What Makes Me Insane

Screen shot 2013-02-04 at 1.59.33 PM Do you know what I would like to will tell you today? I would like to will tell you that my heart [literally] burns a [metaphorical] hole right through my chest in reckless response to all the pressing and painful needs scarring our globe (I wish to God I could be a part of relieving every single one). I can’t watch the news because whatever affliction my little eyes see and whatever sorrow my little ears hear always ends up with my little spirit getting ground down to powder, my little arms feeling bereft, my little love going unrequited, my peaceful little home seeming like too great a gift for me to bear and  . . . etc. etc.

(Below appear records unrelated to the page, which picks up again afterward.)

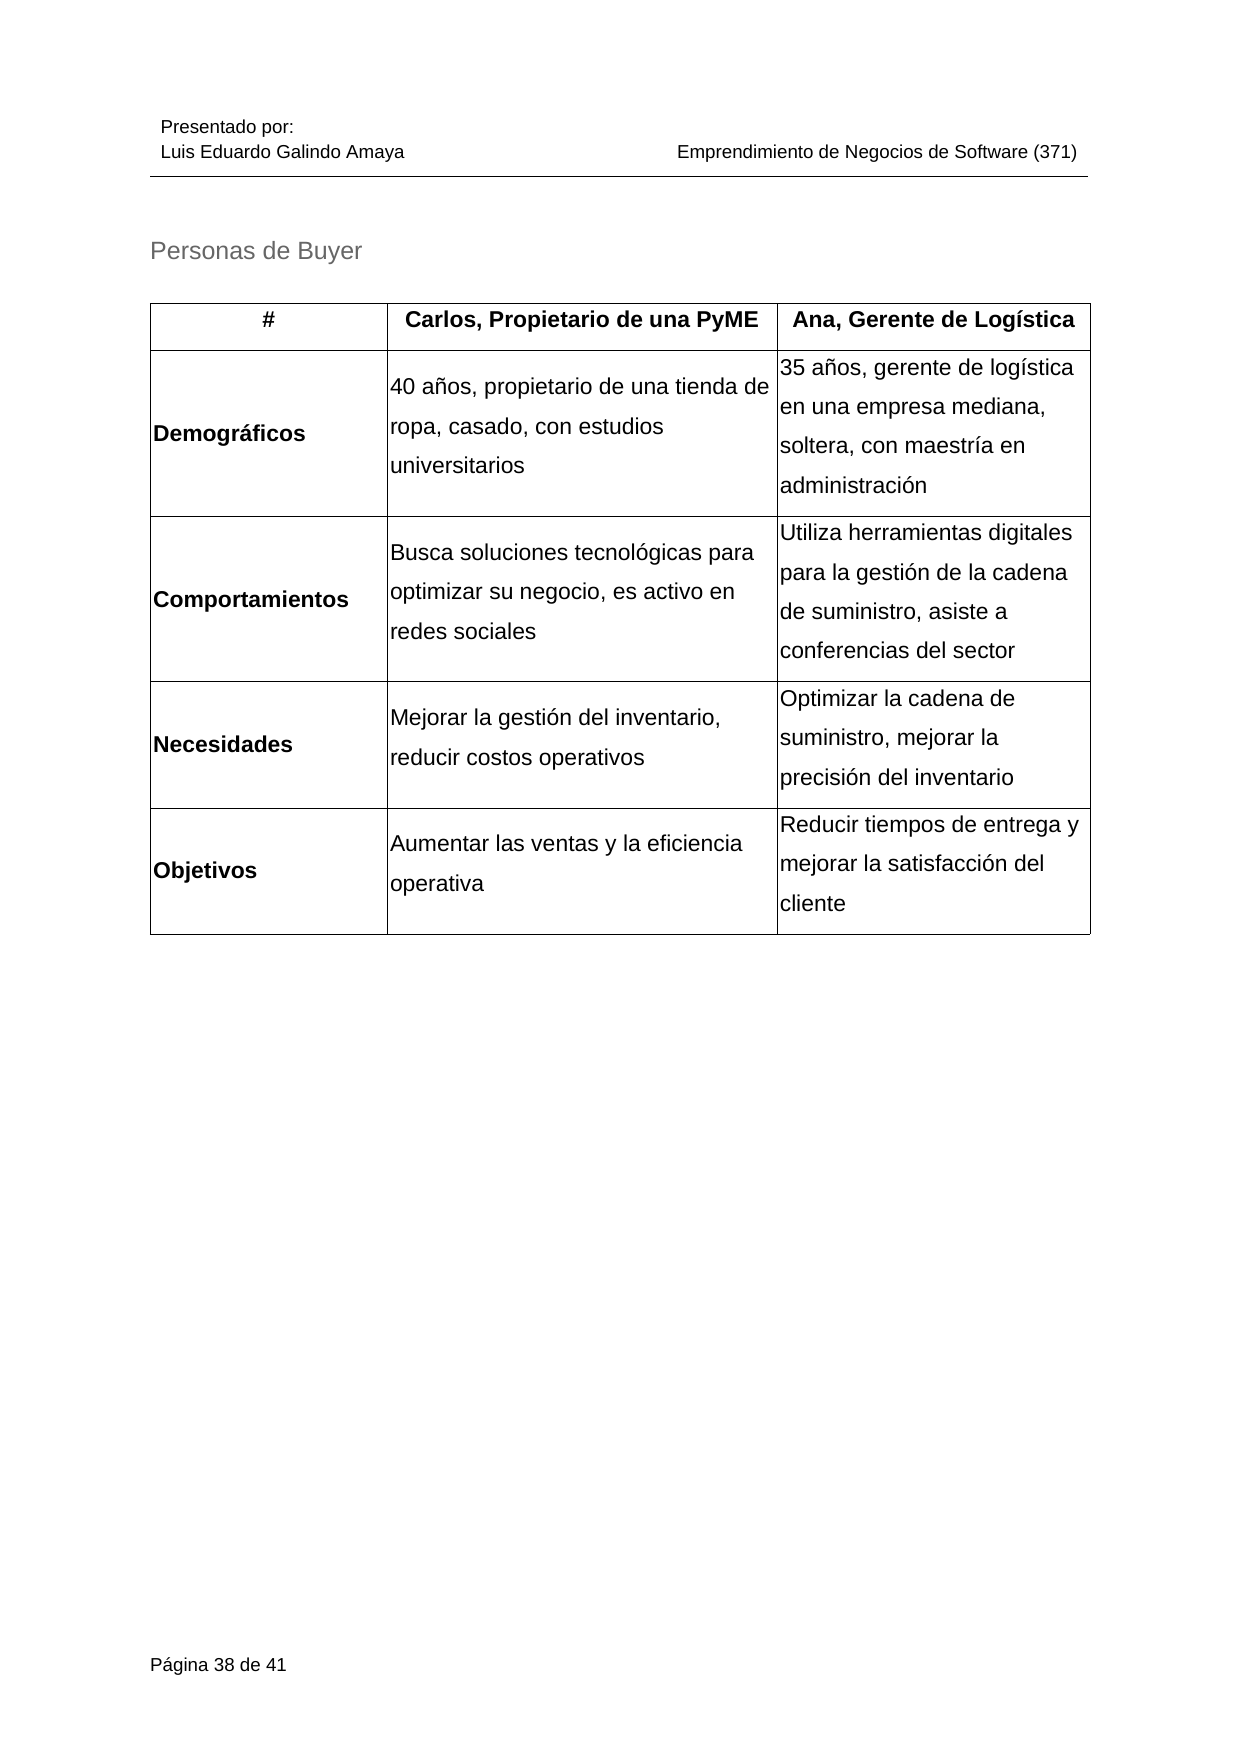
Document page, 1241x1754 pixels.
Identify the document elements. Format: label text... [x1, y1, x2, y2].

table_cell 35 años, gerente de logística en una empresa mediana, soltera, con maestría en administración [778, 351, 1090, 516]
table_header Ana, Gerente de Logística [778, 304, 1090, 350]
table_cell Optimizar la cadena de suministro, mejorar la precisión del inventario [778, 682, 1090, 807]
subtitle Personas de Buyer [150, 236, 1090, 265]
table_cell Comportamientos [151, 517, 387, 681]
table_cell Necesidades [151, 682, 387, 807]
table_cell Demográficos [151, 351, 387, 516]
table_cell Busca soluciones tecnológicas para optimizar su negocio, es activo en redes sociales [388, 517, 777, 681]
table_cell Mejorar la gestión del inventario, reducir costos operativos [388, 682, 777, 807]
table_header # [151, 304, 387, 350]
table_cell 40 años, propietario de una tienda de ropa, casado, con estudios universitarios [388, 351, 777, 516]
table_header Carlos, Propietario de una PyME [388, 304, 777, 350]
table_cell Utiliza herramientas digitales para la gestión de la cadena de suministro, asiste a conferencias del sector [778, 517, 1090, 681]
table_cell Aumentar las ventas y la eficiencia operativa [388, 809, 777, 933]
table_cell Objetivos [151, 809, 387, 933]
table_cell Reducir tiempos de entrega y mejorar la satisfacción del cliente [778, 809, 1090, 933]
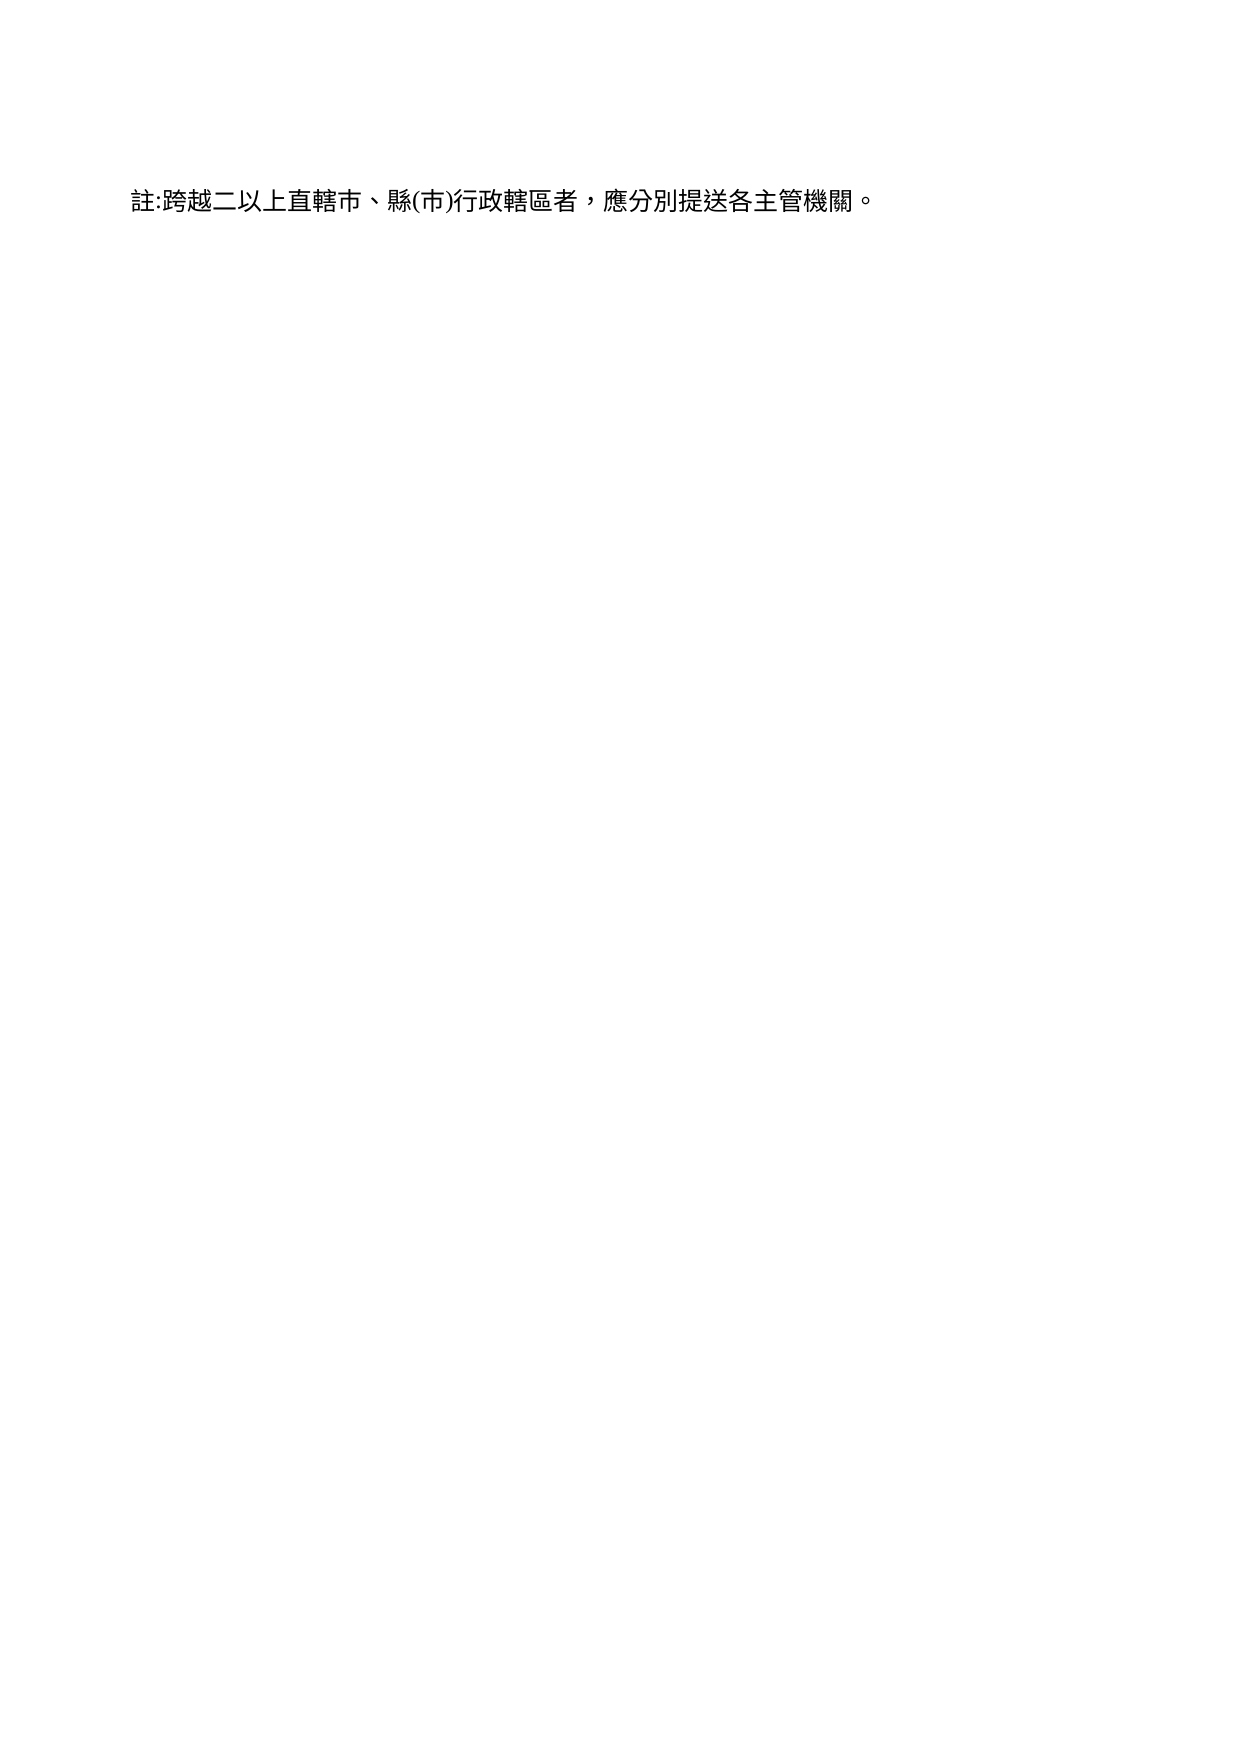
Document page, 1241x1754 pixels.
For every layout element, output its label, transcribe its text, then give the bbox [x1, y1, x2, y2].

text 註:跨越二以上直轄巿、縣(巿)行政轄區者，應分別提送各主管機關。 [130, 158, 1110, 221]

We saw Les Miserable and I poured like a full-on faucet afterward, closing my shaking-self in our bathroom with “I Dreamed A Dream” on my headphones, desperately sobbing for hours. It isn’t hard for me to go to the shadow spots of any city whenever I close the lids on my soul-windows. Or slip inside the skin of a 10-year-old slave girl and feel at least a fragment of her fractures. But this time I swear to you that the whole oppressed and hurting world was wrapped around my body and crying for help right in the crook of my neck and I just had this burden that wouldn’t let go until my emotional reservoir had totally dried up of all the tears and all the prayers it had to give. The whole torrential episode felt like a Hoover-size dam had broken through and flooded every one of my arteries and atoms – very exhausting and un-civilized. Not to mention the groaning and keening that I worked so hard to keep behind my clenched teeth. I kept thinking that I couldn’t let this barbaric sound out of my throat because Lord knows how thin our old walls are and how close the neighbors live and the last thing I needed was for next-door Jimmy to think I was a premium candidate for the insane asylum. I would do anything sometimes for a piece of land big enough where no one else on the earth could hear what sounds want to come rushing from me. I would go out to that land and yell my lungs out against whatever sky happened to be hung up in the atmosphere that day. Seriously, that’s what my prayers look like sometimes – like someone has lost their freakin’ mind. My kids and my husband are used to it, thank God. Austin tells me it’s one of his favorite things about me, which is another way of saying that I married exactly the right person to compliment who I was made to be.

Please, someone tell me that God also made them this kind of “special”? Anyone else have a heart knit inside them that is just too big for their britches, let alone their bodies?


This passionate nature makes me shiver sometimes, but no matter how hard I try? I can’t stop feeling the way I do. Nor can I hide from it, regardless of the vulnerability that manifests on the inside or the embarrassment that flushes my skin on the outside. When I stop being me, the bad guy eats my soul for an early afternoon snack.

(And now that I’ve exposed myself, just like . . . affirm me or something, okay? :))

All that to say: Several weeks ago the Mr. and I watched  a movie from our “Instant Play” list on Netflix titled The Whistleblower, starring Rachel Weisz and Monica Bellucci. The movie documents the true story of a lady cop from Lincoln, Nebraska who took a job with the United Nations International Police in post-war Bosnia. During her time there as a peacekeeper she unintentionally uncovers a wide-scale sex slavery trafficking ring – only then to learn that most of her male colleagues at the U.N. were complicit in the trade. They, in turn, threaten her every which way to Sunday as a way of scaring her into keeping a lid on their illicit activities. She – fierce woman, hear her roar! – chooses to air her findings regardless of all the warnings and blackmail, even survives a number of death attempts while trying to get her information to the someone with enough authority to shut down the flesh-buying insanity. She loses her job, but was still able to get her evidence to the BBC, who consequently went public with the information.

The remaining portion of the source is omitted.